Очухавшись, она обнаружила себя на столе, а потом её поместили на пелёнку в какую-то клетку. Кругом было полно животных в таких же клетках, собак и кошек, и все какие-то перебинтованные, слабые – такие же больные, как она сама. Только один кот находился не в клетке и был абсолютно здоров. Он вальяжно валялся на диване, оглядывая остальных, а рядом периодически поглаживая его, девушка в белом халате что-то внимательно изучала в коробках. Ганна осматривала кота с любопытством, хотя ей было очень больно где-то в горле, да и двигаться толком она не могла. Кот был большим, даже больше Марселя, хотя она привыкла считать кота Саши и Анфисы здоровяком. Их, кстати, почему-то рядом не было. Подошла девушка в халате, погладила кошку через прутья клетки и сказала:
- Ну вот, ты и пришла в себя. Хорошо, что сама задышала, а то твои хозяева просто места себе не находили все эти дни. Ничего, скоро они придут тебя навестить. Зачем же ты этой гадости нализалась? Химия же вроде не так вкусно пахнет.
Ганна с удовольствием ответила бы, но знала, во-первых, что её не поймут, а во-вторых – не могла толком мяукнуть от боли.

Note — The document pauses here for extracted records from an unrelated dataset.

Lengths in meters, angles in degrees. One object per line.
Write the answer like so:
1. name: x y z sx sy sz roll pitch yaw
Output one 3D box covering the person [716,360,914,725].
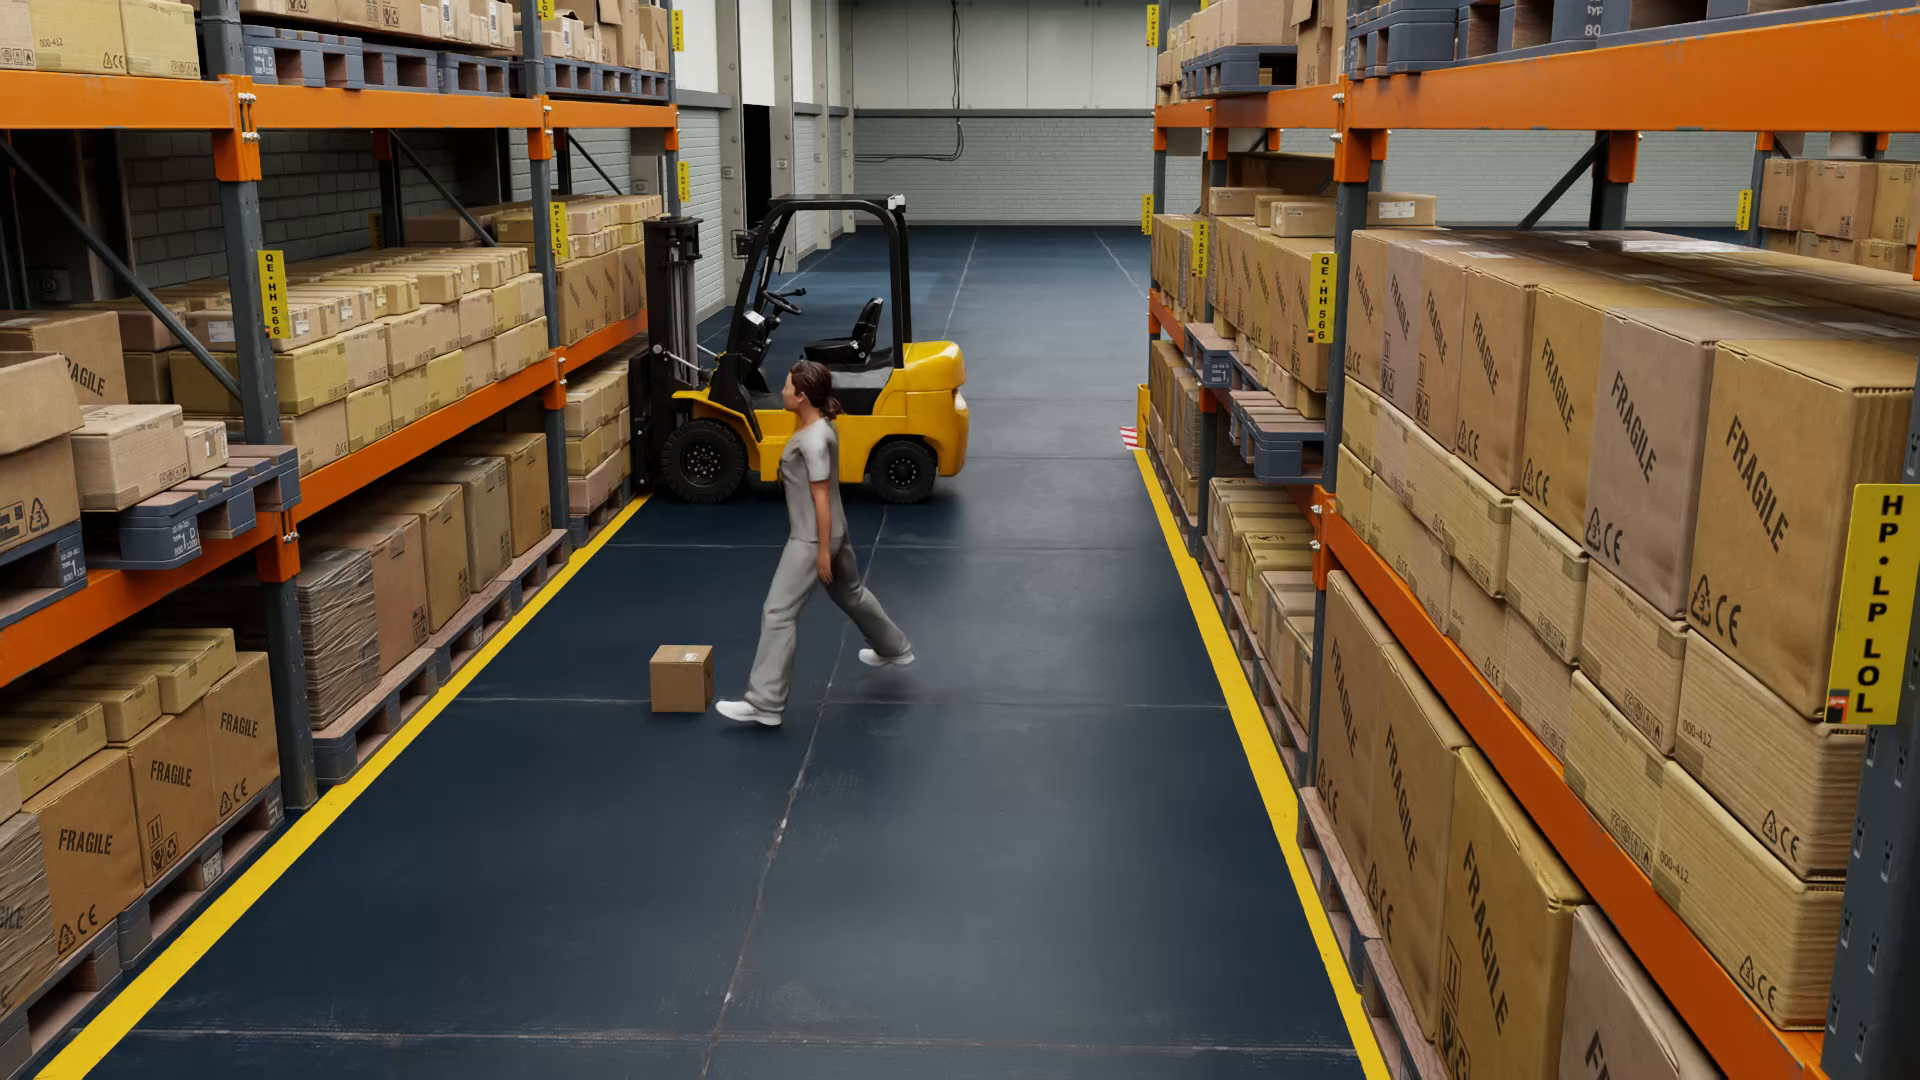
1. person: -0.664 -0.035 7.705 0.873 1.625 0.834 0 14 1
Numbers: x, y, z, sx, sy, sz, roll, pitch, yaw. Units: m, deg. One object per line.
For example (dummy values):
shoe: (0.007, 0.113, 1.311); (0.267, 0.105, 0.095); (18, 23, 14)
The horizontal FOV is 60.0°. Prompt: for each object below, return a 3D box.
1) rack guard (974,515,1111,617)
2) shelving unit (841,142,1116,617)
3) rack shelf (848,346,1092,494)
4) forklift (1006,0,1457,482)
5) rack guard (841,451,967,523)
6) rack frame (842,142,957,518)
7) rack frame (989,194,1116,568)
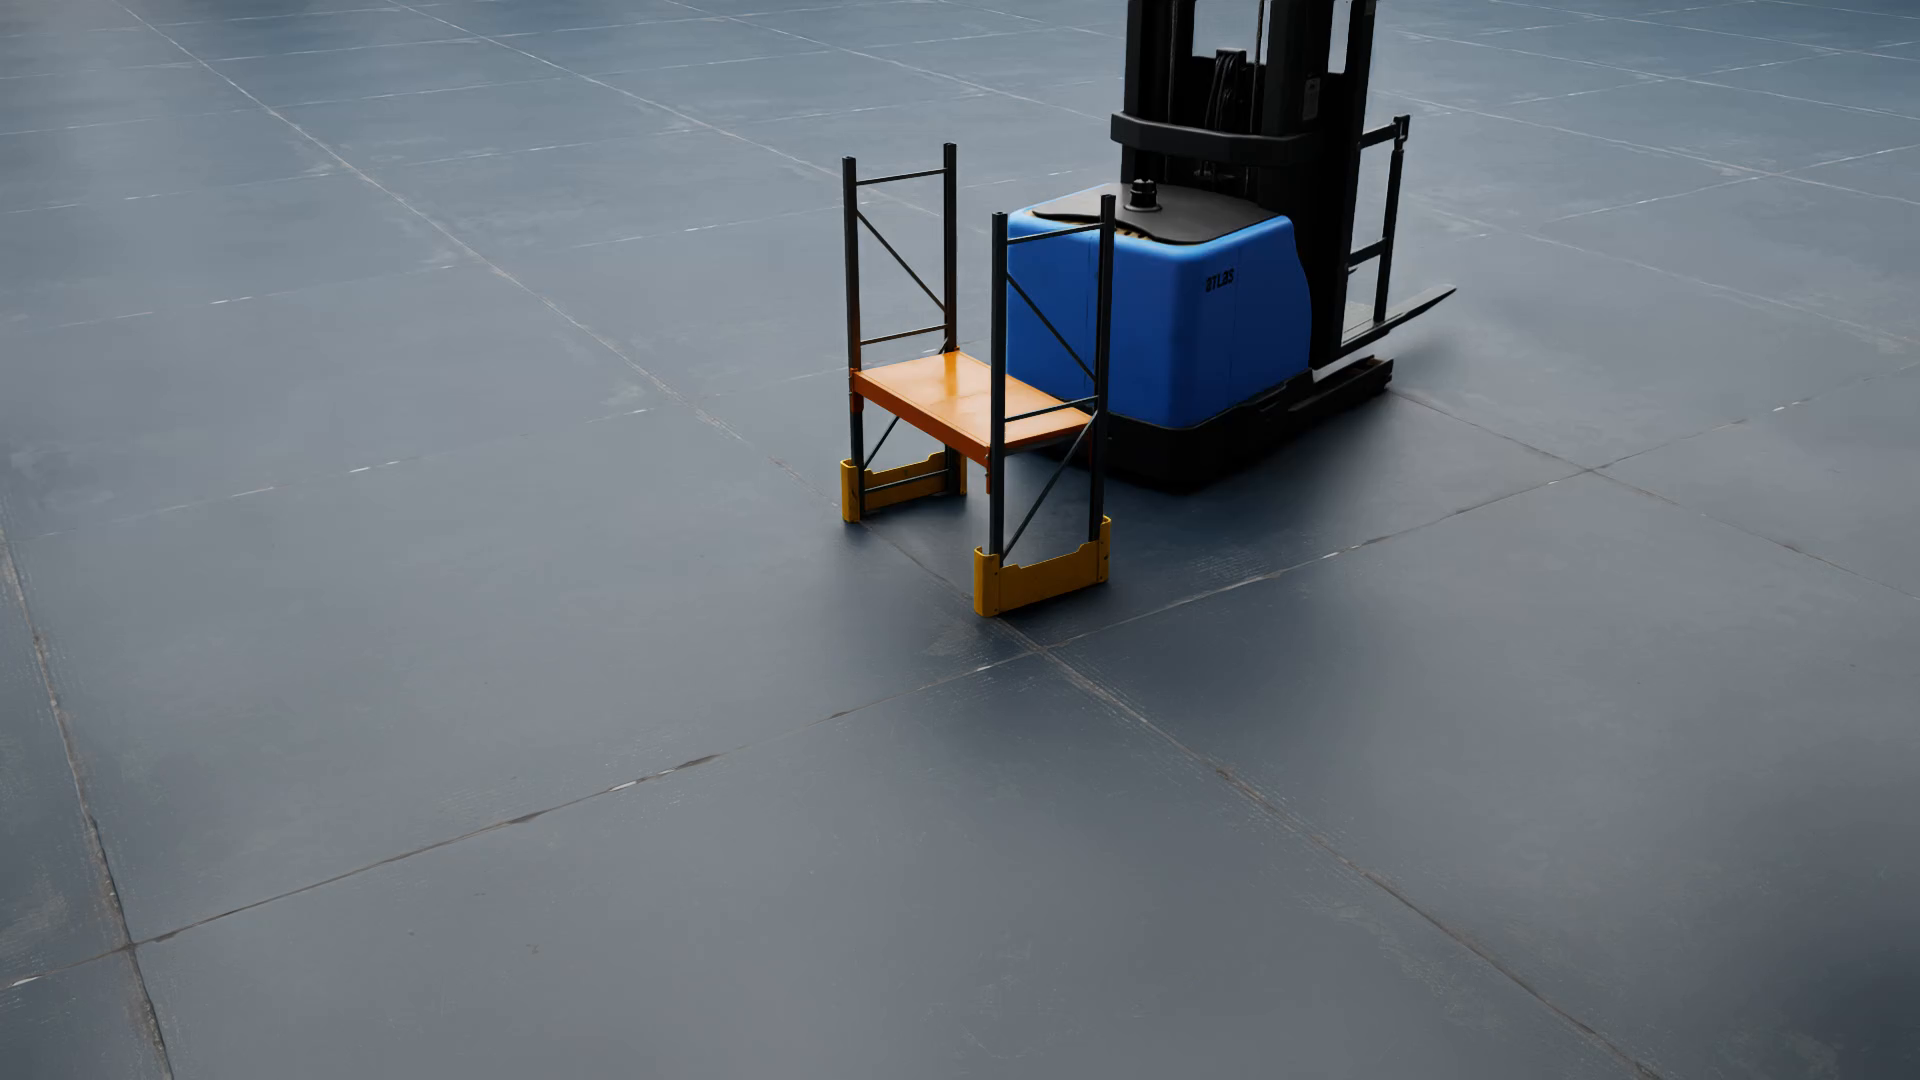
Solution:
rack guard: (0.313, 0.092, 6.262); (0.587, 0.250, 0.087); (-16, 29, -30)
shelving unit: (0.042, -0.651, 6.372); (0.587, 1.500, 1.083); (-16, 29, -30)
rack shelf: (0.047, -0.485, 6.442); (0.538, 0.185, 1.000); (-16, 29, -30)
forklift: (1.516, -2.127, 7.823); (1.130, 2.935, 3.031); (20, 32, 36)
rack guard: (-0.230, -0.264, 7.016); (0.587, 0.250, 0.087); (-16, 29, -30)
rack frame: (-0.231, -0.830, 6.750); (0.500, 1.500, 0.032); (-16, 29, -30)
rack frame: (0.324, -0.466, 5.980); (0.500, 1.500, 0.032); (-16, 29, -30)

Она могла сказать, что пахло очень даже неплохо и заманчиво. Только другие кошки старательно не лезли к этому месту, а вот она захотела сначала принюхаться, а потом и на язык попробовать… Результат, как говорится, не заставил себя долго ждать. Глупо получилось. Столько беспокойства и Саше, и Анфисе, и маме… Про маму она подумала со стыдом – а ей-то каково сейчас? Всегда такая спокойная, сейчас она наверняка не находила себе места. А потом пришли хозяева, и Ганна услышала их разговор с врачом. И ей стало ясно, что это ещё не конец. Очень много было причин, которые заставляли Анфису периодически вытирать глаза, а Сашку – хмуриться, задумчиво оглядывая кошку. Они гладили её, говорили, как сильно любят, как все переживают дома, даже новенькая дикарка Манька, взятая совсем недавно. Ганна была ненамного старше её, а потому быстрее всех нашла общий язык и даже играла с ней. Ганна сама очень хотела домой и просила забрать её, но слышала в ответ, что она должна ещё побыть в больнице, ведь она всё ещё в тяжёлом состоянии. Она сердилась, шипела и уходила в дальний угол клетки, не давая себя гладить.
Но они приходили всё равно – потому что любили. И кошка знала это. Её характер никогда не позволял высказать открытую привязанность к кому-либо, потому ей вдруг стало страшно, что она так и не скажет Саше с Анфисой, как же она любит их на самом деле. Ганна была бойцом – сильным, стойким и уверенным в своих силах. И сейчас она направила всю свою энергию, чтобы бороться за жизнь. Чтобы сказать, наконец, хозяевам, как она любит их, чтобы ещё раз прижаться к маме, вдохнуть тепло её шкурки, чтобы ещё раз поболтать с Марселем и Руфой, чтобы побегать и поиграть с Манькой, чтобы просто полежать на балконе на солнышке, грея серые бока… И чтобы ещё раз услышать, как её называют Манулкой или Ауди – два неофициальных имени, которые давались всем в их доме. Одно обязательно давал Саша в честь своей слабости к машинам, потому что он всегда отмечал, на какую именно модель похож тот или иной кошак. А второе прозвище давали Анфиса и Саша вместе, определяя на какого дикого зверя похожа кошка. Ганка была вылитым манулом, что и послужило становлением милого домашнего прозвища. А ещё Ганне очень хотелось ощутить ласковые руки взявших её людей, которые любили её такой, какой она была всё это время.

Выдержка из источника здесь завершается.